[Stored data entries]
▽

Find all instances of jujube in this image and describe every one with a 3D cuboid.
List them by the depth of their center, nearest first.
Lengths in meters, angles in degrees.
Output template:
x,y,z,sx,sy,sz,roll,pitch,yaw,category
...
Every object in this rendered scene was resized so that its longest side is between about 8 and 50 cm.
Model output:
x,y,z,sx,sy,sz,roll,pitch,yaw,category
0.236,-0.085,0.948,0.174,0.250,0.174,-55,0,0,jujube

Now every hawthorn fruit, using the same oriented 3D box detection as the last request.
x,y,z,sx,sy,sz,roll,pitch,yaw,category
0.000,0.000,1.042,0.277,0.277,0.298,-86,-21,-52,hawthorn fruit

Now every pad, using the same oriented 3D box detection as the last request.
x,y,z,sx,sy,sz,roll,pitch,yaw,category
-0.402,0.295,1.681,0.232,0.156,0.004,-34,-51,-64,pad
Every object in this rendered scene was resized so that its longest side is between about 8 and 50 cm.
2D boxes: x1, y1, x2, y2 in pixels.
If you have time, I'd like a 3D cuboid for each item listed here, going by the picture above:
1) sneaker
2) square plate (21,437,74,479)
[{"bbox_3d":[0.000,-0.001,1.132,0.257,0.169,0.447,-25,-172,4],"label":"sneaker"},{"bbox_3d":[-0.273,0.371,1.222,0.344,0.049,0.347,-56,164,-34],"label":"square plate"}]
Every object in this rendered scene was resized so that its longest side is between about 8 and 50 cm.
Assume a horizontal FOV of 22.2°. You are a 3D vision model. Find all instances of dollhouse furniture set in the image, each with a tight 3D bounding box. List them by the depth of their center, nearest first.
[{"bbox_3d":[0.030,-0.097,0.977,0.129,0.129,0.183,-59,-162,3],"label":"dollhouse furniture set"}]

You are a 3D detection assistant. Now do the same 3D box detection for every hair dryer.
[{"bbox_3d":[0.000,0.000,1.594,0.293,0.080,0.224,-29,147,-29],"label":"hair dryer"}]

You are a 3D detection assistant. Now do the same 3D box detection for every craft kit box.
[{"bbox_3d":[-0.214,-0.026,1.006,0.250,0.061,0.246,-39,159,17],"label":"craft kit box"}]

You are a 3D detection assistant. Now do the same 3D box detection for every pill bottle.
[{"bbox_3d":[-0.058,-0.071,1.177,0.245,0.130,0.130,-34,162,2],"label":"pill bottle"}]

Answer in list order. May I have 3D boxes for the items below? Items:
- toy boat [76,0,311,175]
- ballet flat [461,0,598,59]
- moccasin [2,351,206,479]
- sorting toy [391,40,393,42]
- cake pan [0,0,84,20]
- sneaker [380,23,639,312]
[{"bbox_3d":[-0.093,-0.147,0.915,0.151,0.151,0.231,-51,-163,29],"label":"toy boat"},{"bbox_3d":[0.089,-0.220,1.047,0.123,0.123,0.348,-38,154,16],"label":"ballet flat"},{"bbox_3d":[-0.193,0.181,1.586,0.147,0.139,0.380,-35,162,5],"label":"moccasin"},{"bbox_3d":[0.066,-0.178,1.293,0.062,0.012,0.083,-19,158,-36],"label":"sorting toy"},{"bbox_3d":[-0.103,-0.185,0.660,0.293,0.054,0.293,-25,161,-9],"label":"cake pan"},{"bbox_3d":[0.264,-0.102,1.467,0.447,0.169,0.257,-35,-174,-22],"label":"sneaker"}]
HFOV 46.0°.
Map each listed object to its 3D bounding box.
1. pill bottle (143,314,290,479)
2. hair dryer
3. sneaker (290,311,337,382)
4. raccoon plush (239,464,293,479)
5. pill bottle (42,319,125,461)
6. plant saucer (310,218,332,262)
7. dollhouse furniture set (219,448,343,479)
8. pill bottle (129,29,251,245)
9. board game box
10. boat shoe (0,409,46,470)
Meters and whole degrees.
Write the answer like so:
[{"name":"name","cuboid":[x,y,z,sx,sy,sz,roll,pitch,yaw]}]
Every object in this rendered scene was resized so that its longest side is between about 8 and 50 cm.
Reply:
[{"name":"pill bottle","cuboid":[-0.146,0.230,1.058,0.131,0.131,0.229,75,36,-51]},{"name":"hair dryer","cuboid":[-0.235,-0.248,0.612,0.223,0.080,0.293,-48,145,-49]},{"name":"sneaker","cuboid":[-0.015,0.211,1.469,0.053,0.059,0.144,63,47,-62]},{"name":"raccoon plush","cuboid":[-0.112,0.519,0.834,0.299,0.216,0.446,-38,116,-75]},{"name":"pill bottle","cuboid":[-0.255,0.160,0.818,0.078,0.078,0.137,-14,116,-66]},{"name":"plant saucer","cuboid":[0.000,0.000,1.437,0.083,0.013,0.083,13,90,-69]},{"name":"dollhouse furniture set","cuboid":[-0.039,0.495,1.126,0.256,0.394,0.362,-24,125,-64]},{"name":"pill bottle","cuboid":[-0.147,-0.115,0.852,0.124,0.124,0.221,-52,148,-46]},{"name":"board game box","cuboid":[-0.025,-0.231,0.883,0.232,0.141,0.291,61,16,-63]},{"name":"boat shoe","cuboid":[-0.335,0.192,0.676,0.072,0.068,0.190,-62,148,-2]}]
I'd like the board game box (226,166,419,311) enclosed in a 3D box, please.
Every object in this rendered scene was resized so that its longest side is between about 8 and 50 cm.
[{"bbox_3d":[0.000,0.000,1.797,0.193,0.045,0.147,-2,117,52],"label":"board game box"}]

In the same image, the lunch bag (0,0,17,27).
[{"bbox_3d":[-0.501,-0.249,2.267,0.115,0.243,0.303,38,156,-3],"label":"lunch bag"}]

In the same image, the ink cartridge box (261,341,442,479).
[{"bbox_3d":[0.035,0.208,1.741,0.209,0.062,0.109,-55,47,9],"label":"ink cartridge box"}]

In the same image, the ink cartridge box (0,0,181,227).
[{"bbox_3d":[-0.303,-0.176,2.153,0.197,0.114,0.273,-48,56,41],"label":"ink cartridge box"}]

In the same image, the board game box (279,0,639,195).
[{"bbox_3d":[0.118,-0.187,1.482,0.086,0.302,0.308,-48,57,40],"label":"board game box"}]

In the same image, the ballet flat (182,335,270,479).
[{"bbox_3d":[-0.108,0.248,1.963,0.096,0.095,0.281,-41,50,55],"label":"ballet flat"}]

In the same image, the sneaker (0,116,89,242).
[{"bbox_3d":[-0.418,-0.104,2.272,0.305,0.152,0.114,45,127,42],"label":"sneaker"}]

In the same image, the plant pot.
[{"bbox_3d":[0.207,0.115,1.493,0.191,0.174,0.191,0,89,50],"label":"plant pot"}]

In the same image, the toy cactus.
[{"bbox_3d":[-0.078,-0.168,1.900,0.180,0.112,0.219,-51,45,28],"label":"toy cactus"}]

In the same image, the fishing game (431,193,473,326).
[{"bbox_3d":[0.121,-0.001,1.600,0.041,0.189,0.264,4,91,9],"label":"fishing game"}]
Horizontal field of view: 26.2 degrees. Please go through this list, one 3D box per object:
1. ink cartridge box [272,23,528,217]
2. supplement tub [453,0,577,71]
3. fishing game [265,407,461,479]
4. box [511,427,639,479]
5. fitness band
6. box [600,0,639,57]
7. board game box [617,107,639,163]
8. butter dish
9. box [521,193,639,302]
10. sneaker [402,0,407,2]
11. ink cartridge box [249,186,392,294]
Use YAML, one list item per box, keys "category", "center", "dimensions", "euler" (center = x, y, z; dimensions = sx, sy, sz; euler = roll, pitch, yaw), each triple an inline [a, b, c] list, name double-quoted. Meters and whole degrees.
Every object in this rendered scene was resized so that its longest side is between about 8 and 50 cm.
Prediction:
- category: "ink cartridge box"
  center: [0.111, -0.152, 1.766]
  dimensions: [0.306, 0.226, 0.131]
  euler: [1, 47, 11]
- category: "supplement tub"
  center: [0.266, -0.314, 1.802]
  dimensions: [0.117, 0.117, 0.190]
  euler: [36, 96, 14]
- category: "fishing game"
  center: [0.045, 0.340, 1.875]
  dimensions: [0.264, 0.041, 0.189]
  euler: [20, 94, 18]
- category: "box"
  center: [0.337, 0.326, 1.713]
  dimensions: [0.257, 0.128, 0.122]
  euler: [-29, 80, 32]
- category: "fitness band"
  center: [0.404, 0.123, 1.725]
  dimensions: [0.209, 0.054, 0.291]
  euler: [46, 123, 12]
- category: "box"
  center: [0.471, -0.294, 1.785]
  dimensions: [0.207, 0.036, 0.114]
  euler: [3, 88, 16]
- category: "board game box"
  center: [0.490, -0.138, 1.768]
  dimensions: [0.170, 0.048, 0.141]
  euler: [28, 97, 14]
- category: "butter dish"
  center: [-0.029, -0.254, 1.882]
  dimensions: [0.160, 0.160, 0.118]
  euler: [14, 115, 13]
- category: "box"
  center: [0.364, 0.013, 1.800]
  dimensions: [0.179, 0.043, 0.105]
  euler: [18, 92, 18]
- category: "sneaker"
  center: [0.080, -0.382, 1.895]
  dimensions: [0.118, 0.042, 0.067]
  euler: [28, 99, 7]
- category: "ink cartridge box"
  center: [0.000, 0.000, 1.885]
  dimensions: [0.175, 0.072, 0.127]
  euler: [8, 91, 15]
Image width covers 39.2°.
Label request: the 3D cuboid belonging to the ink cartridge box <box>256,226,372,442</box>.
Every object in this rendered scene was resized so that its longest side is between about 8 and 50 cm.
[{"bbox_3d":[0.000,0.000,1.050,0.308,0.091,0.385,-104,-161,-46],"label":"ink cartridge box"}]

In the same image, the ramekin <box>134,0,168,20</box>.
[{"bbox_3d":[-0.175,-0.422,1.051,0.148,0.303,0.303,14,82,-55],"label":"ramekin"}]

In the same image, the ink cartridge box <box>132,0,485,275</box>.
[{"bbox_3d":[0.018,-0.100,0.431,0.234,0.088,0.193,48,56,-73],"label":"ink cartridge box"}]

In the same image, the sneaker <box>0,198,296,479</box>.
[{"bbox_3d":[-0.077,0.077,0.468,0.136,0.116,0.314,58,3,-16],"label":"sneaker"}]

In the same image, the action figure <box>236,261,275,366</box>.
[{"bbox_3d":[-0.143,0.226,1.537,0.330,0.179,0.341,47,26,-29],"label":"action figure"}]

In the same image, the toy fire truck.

△

#### [Work required]
Go through the lines above and count those with the string "listed". Reply with the count and nothing more.

#### [Task solution]
2